* What this task involves *
Find the line containing "Formatted like this" in the entries; transcribe it and all remaining lines through the end, exactly as they appear, but not the pictures.

* Data records *

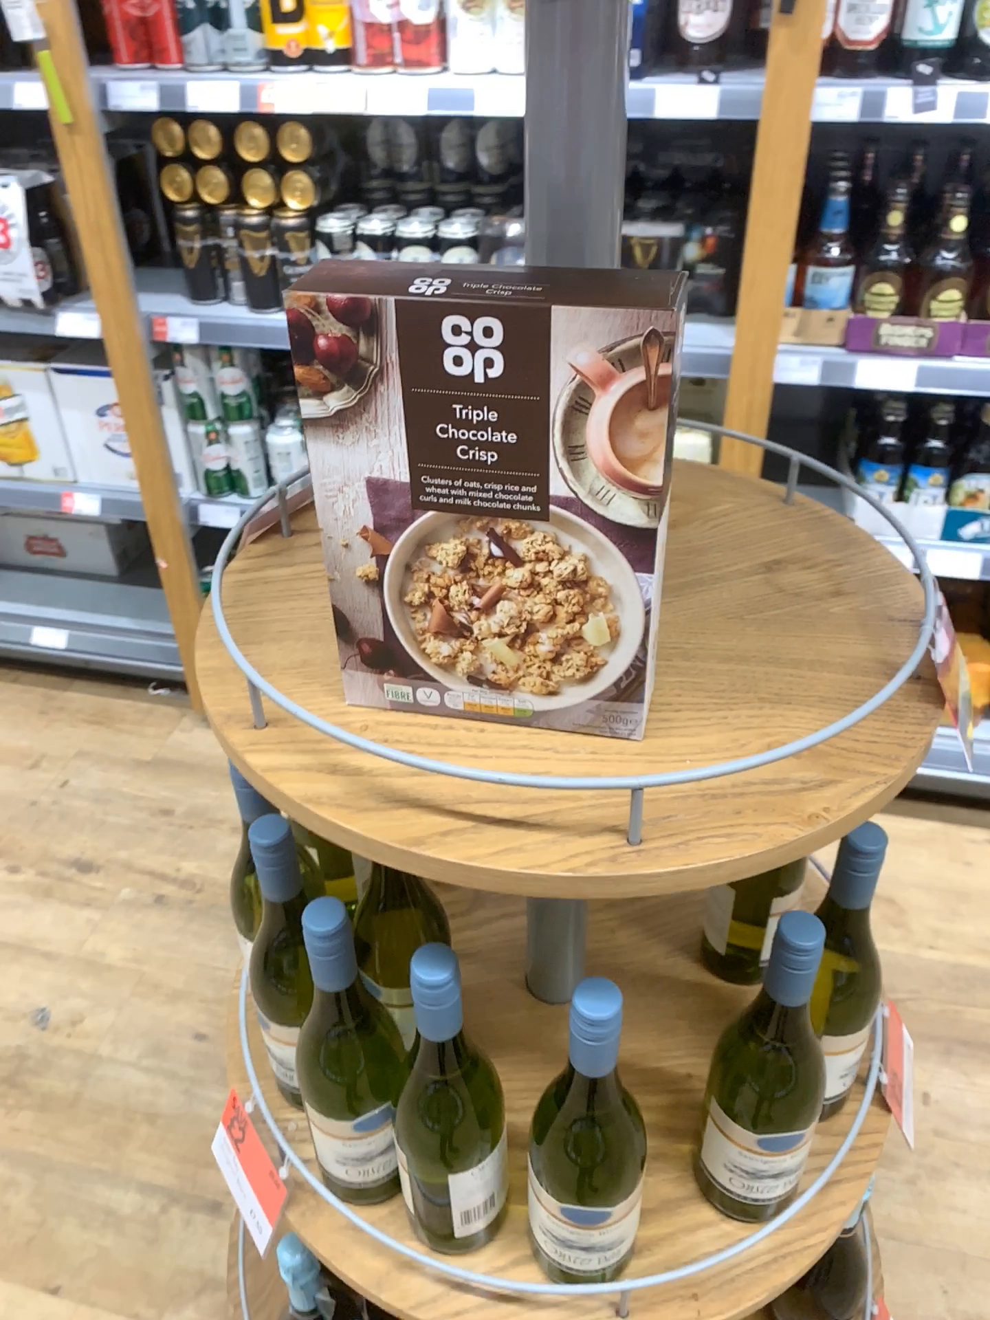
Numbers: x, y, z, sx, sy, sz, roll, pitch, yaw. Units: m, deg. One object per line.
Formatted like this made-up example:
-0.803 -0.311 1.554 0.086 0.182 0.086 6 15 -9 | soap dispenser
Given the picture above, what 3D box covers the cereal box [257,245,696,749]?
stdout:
-0.005 -0.076 0.529 0.190 0.248 0.050 7 38 11 | cereal box
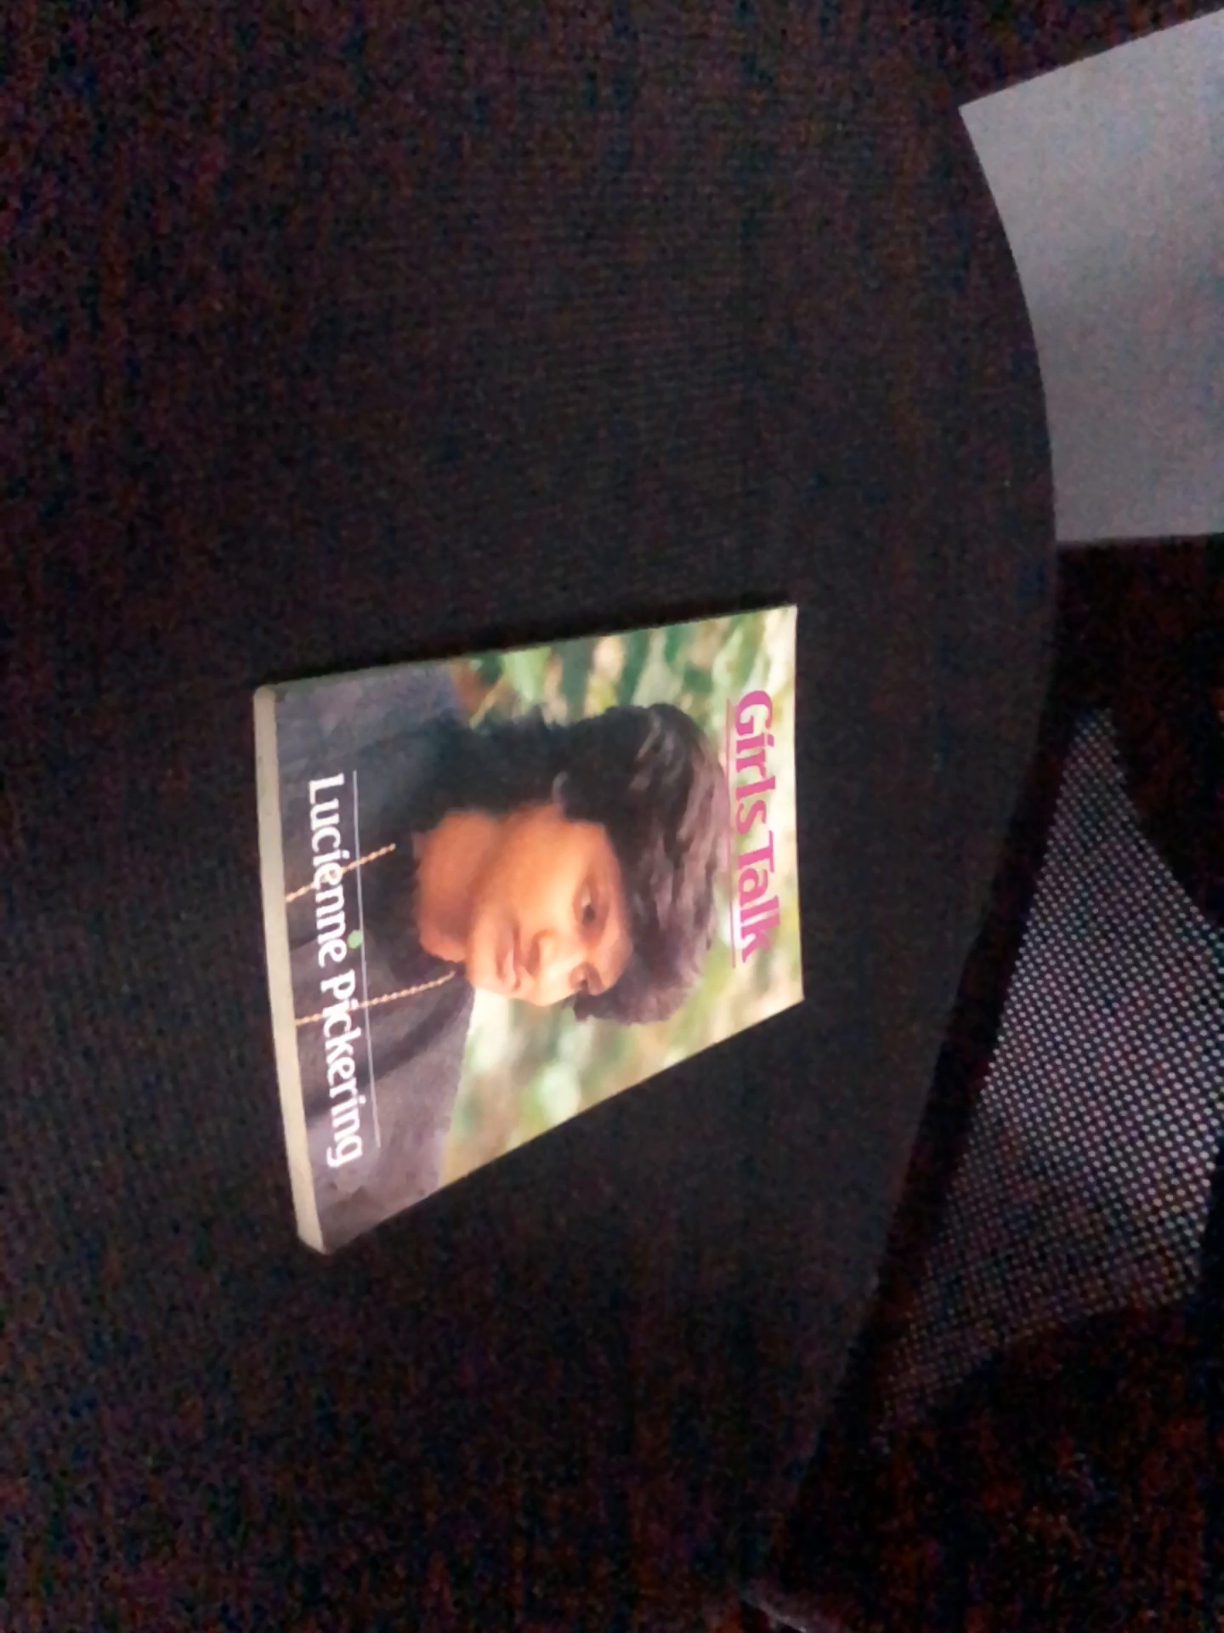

* Expected answer *
Formatted like this made-up example:
-0.803 -0.311 1.554 0.086 0.182 0.086 6 15 -9 | soap dispenser
Given the picture above, what 3D box covers the cereal box [257,245,696,749]?
stdout:
-0.005 -0.076 0.529 0.190 0.248 0.050 7 38 11 | cereal box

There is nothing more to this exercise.